◆ GOAL OF THE EXERCISE: In the entries below, find each line with the word "Continuous" and pull it out.
==== INPUT RECORDS
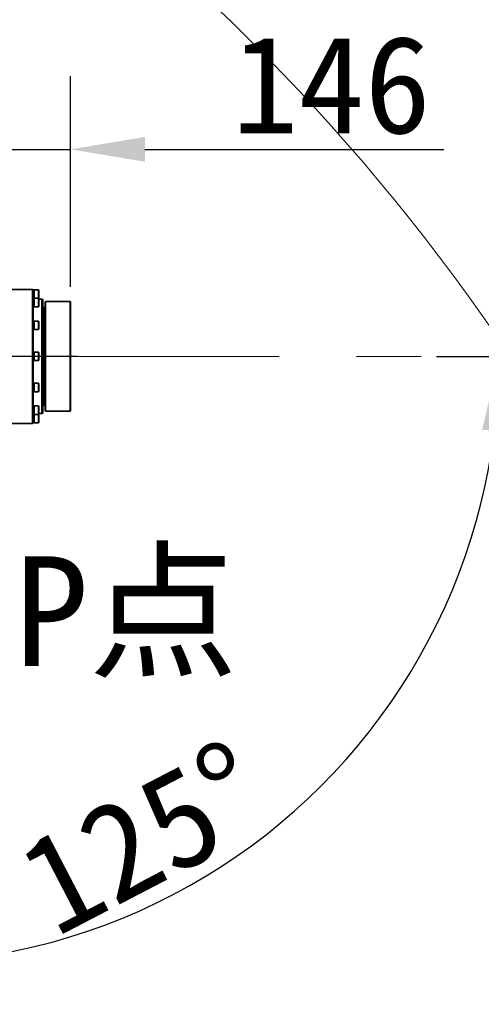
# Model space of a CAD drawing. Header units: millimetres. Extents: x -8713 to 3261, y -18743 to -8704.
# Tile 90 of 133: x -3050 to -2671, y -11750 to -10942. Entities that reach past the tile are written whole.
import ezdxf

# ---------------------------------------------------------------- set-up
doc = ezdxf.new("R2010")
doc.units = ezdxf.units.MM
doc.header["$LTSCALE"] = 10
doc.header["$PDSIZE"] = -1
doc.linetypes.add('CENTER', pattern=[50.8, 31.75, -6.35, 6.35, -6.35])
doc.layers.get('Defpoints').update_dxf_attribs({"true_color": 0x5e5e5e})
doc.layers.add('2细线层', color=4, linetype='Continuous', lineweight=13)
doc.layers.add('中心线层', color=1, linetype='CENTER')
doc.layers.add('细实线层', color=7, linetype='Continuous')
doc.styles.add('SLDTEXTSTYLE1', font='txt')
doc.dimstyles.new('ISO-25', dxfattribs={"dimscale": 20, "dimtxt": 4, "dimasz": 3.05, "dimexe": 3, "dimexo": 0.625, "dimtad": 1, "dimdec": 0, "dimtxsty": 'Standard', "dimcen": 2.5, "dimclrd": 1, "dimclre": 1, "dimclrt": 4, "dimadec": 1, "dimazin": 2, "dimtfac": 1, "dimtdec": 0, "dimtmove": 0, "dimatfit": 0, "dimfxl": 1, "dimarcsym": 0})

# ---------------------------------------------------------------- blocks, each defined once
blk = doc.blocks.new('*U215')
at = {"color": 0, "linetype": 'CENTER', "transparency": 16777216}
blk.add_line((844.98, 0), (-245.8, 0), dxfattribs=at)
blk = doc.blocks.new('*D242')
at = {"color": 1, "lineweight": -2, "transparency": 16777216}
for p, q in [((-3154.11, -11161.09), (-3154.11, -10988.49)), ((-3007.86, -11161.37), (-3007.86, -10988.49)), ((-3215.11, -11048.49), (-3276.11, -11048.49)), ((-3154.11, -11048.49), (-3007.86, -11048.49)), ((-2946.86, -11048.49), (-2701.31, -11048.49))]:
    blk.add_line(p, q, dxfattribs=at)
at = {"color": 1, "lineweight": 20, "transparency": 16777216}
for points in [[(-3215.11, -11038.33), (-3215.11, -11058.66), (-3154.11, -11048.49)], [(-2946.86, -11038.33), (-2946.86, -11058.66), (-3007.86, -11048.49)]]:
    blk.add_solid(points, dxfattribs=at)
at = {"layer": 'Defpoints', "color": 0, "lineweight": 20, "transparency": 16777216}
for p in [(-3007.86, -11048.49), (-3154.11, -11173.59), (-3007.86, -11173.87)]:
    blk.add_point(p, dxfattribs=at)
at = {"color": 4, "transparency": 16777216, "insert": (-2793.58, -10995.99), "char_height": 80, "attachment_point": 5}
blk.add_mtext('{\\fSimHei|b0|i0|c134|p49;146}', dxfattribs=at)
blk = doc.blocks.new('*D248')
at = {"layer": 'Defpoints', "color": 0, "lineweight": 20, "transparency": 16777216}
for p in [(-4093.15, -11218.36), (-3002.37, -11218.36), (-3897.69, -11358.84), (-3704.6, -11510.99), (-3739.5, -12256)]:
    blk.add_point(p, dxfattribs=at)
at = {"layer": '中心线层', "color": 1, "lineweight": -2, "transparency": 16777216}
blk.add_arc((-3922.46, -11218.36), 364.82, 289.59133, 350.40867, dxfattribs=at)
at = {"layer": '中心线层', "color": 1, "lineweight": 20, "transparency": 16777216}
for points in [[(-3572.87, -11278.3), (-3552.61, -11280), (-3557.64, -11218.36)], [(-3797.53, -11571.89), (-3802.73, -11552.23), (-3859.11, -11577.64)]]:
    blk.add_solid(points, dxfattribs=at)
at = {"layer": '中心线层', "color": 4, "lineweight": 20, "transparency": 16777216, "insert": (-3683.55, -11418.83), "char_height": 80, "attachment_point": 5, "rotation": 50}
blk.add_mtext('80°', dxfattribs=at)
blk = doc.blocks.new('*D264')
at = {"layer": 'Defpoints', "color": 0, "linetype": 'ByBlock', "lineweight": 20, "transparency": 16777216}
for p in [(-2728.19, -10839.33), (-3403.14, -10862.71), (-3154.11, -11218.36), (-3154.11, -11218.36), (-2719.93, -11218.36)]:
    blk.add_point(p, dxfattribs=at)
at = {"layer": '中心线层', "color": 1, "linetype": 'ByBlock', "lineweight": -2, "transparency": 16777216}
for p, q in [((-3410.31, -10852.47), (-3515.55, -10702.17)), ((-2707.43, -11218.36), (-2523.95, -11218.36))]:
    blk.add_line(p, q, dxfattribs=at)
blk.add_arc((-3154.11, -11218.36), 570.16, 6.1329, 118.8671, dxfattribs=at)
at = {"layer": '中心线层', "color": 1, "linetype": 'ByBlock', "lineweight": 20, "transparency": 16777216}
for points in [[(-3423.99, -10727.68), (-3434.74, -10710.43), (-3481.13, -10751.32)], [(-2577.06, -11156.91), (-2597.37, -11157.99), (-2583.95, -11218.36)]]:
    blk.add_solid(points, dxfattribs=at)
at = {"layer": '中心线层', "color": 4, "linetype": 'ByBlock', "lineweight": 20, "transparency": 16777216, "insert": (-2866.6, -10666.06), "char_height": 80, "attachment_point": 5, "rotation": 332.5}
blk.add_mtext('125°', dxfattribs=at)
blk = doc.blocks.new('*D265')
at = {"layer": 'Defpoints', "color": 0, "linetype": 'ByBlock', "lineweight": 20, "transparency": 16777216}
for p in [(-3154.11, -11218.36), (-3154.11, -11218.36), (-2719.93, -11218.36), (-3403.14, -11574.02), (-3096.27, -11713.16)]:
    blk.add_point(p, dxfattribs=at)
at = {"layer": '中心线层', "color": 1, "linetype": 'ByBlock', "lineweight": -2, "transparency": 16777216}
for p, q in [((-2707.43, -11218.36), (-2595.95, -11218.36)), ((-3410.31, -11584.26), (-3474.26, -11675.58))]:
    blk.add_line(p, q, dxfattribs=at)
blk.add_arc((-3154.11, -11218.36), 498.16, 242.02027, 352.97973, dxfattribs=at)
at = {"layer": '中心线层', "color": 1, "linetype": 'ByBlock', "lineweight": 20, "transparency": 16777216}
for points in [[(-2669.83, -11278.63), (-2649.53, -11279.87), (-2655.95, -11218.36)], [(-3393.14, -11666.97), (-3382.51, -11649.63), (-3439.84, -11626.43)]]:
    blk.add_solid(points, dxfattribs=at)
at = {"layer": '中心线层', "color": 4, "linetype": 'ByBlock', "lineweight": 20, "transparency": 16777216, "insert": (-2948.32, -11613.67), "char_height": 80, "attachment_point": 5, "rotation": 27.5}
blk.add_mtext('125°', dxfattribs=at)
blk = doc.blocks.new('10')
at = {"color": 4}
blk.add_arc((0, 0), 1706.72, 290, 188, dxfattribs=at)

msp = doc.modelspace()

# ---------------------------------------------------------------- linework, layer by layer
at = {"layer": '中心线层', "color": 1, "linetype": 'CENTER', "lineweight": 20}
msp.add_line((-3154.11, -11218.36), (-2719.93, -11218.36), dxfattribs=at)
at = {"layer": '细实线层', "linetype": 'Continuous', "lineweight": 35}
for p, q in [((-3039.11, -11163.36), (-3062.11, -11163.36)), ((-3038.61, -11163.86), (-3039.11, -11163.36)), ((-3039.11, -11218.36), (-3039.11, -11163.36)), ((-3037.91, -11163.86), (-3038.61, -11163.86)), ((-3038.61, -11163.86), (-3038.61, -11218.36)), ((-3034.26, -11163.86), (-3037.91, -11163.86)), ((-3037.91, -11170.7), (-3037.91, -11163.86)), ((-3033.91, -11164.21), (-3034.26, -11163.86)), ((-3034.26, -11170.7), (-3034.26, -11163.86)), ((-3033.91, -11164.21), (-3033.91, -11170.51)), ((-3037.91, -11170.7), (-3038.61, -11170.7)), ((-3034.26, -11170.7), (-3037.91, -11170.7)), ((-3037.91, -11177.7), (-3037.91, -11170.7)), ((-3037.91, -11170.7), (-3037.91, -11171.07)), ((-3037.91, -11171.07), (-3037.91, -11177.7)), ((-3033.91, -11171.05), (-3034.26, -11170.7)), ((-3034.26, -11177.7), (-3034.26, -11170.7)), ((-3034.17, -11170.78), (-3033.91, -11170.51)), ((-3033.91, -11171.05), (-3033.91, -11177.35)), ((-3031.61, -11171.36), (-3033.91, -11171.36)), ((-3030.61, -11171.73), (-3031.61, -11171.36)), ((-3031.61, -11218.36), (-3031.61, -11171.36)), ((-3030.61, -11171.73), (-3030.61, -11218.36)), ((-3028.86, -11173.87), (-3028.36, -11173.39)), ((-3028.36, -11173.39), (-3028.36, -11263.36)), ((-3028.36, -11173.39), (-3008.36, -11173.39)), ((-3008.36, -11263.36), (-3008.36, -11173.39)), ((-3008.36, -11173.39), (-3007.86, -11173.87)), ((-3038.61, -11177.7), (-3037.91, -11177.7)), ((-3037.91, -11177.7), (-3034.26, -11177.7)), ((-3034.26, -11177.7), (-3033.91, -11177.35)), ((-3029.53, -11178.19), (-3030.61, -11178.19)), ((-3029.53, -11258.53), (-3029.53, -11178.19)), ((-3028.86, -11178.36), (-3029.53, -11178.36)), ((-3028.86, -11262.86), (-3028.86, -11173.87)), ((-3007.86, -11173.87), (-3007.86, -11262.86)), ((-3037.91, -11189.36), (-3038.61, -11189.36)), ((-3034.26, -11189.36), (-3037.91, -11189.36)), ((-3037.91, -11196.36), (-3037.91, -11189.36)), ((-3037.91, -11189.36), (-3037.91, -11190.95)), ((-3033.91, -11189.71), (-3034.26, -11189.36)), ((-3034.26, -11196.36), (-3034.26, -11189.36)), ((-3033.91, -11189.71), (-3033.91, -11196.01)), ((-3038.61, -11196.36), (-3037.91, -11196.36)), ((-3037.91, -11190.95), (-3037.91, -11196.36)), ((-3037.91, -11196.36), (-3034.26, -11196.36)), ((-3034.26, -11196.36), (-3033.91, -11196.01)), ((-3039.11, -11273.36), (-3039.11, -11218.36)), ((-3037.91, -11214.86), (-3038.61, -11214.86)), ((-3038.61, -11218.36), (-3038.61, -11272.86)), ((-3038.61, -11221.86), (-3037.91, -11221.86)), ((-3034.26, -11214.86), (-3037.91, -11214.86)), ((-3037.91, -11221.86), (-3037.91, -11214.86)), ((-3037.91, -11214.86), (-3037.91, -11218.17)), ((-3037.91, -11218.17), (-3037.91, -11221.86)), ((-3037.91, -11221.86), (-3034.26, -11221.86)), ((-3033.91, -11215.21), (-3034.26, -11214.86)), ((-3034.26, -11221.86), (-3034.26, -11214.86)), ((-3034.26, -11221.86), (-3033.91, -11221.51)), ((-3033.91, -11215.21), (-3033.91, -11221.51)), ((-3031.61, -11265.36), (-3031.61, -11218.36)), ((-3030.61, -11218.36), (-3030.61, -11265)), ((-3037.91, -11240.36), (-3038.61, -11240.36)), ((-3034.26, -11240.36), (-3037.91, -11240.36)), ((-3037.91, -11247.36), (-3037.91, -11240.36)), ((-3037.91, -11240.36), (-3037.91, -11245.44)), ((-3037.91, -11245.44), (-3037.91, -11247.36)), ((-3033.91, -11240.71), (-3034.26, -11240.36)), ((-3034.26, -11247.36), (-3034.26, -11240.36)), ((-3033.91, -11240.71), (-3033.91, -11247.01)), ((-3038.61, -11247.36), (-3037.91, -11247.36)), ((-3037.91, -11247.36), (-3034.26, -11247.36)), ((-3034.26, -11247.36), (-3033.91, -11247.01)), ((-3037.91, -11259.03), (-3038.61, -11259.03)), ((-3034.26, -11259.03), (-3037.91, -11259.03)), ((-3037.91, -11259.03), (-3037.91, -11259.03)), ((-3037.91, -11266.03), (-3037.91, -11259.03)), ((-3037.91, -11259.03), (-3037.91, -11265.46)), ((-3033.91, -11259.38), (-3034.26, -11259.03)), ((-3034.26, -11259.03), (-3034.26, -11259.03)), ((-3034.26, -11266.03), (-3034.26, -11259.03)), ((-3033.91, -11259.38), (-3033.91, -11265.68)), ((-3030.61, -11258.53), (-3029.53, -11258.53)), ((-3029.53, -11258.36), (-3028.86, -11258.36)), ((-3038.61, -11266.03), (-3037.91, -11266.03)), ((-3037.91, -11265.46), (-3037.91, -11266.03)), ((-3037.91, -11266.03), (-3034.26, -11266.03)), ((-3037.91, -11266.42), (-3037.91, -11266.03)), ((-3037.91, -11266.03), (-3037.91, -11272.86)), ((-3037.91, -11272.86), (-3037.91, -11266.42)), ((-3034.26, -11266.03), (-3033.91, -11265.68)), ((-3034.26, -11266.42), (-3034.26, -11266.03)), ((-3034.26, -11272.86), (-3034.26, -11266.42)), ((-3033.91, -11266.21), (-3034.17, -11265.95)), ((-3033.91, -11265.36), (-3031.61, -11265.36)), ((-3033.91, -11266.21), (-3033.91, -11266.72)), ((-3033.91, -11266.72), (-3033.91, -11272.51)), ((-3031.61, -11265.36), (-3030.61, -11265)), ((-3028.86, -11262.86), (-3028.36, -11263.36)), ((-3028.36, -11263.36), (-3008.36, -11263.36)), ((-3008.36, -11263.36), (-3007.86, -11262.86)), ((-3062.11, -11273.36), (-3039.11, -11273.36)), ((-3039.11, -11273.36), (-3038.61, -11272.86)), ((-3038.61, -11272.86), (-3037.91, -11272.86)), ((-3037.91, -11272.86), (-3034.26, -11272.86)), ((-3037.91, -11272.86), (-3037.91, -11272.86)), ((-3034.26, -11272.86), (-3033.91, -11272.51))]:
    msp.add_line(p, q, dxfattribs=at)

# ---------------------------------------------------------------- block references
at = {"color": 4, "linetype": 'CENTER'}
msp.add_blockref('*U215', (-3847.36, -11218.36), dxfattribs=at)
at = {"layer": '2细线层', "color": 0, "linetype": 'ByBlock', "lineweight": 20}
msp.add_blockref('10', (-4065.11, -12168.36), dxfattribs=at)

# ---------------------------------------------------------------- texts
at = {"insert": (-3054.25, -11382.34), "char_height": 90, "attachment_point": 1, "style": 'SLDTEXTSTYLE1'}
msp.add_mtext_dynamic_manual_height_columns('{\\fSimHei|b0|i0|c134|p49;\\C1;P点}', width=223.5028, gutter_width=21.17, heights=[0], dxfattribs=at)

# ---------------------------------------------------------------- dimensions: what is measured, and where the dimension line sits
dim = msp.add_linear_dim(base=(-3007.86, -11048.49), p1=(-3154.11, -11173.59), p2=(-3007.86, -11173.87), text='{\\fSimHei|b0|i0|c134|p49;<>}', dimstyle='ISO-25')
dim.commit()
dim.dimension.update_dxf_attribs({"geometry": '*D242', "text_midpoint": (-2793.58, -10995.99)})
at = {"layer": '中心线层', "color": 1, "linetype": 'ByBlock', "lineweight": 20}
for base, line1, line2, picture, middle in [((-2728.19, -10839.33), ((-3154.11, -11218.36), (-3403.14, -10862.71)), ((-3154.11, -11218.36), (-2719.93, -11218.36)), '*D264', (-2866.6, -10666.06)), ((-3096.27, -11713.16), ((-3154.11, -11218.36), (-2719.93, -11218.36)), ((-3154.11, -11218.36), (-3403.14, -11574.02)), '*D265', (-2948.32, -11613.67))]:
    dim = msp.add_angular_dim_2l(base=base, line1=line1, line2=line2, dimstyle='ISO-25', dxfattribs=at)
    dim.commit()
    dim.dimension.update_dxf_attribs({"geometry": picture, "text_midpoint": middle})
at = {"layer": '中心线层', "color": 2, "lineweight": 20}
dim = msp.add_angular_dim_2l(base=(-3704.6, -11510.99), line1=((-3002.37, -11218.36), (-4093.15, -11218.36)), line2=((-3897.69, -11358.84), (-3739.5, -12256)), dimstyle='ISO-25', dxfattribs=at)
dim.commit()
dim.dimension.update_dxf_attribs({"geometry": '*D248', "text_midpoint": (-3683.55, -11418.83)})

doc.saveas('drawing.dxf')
========
◆ YOUR SOLUTION:
doc.layers.add('2细线层', color=4, linetype='Continuous', lineweight=13)
doc.layers.add('细实线层', color=7, linetype='Continuous')
at = {"layer": '细实线层', "linetype": 'Continuous', "lineweight": 35}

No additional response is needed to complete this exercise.